Glossary - Stagflation

Stagflation is an economic condition combining stagnant economic growth, high unemployment, and high inflation. It represents a challenging scenario where the usual policy tools to combat inflation (tightening the money supply) can exacerbate unemployment, while those used to reduce unemployment (increasing money supply) can worsen inflation.

Also known as

  • Inflationary recession

Use cases examples

  • Economic Policy Reviews: The period of the 1970s in many advanced economies could be characterized by stagflation, wherein policymakers struggled to balance policies addressing simultaneously high inflation rates and rising unemployment.
  • Investment Strategy Reports: During stagflation, traditional investment paradigms are challenged, as both equity and bond markets can perform poorly due to sluggish economic growth and rising inflation rates.
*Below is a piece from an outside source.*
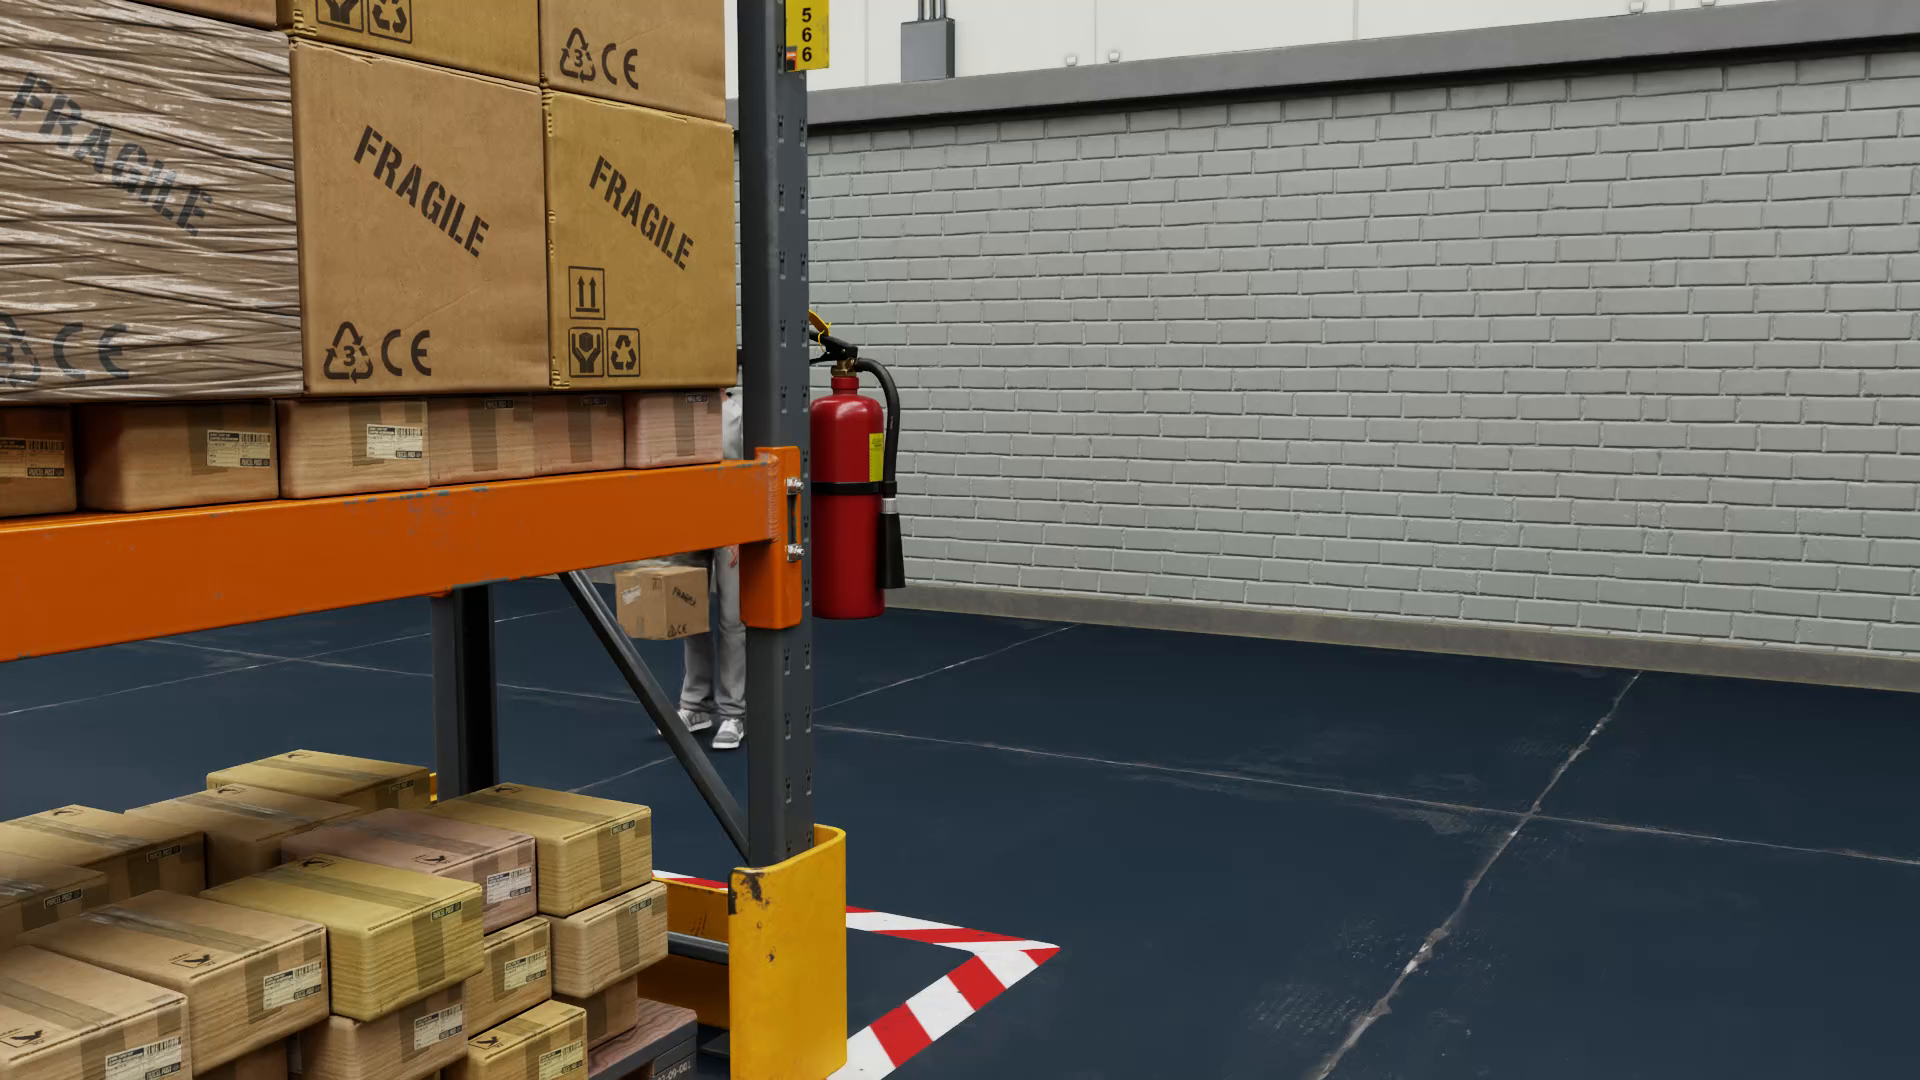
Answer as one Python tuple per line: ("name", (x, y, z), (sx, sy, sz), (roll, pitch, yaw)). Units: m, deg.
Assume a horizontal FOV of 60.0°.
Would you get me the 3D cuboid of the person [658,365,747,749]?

Considerations for investors

  • Investors should be wary of the impact of stagflation on portfolio companies, especially those reliant on discretionary consumer spending or with high operational leverage.
  • Diversification across asset classes and geographical regions becomes crucial, as stagflation may not impact all industries or regions equally.

Considerations for founders

  • Founders should prepare for increased costs of borrowing and potentially slower growth in consumer demand during periods of stagflation.
  • Cost management becomes even more critical in a stagflation environment, as revenues may grow more slowly while costs, especially for raw materials, may increase.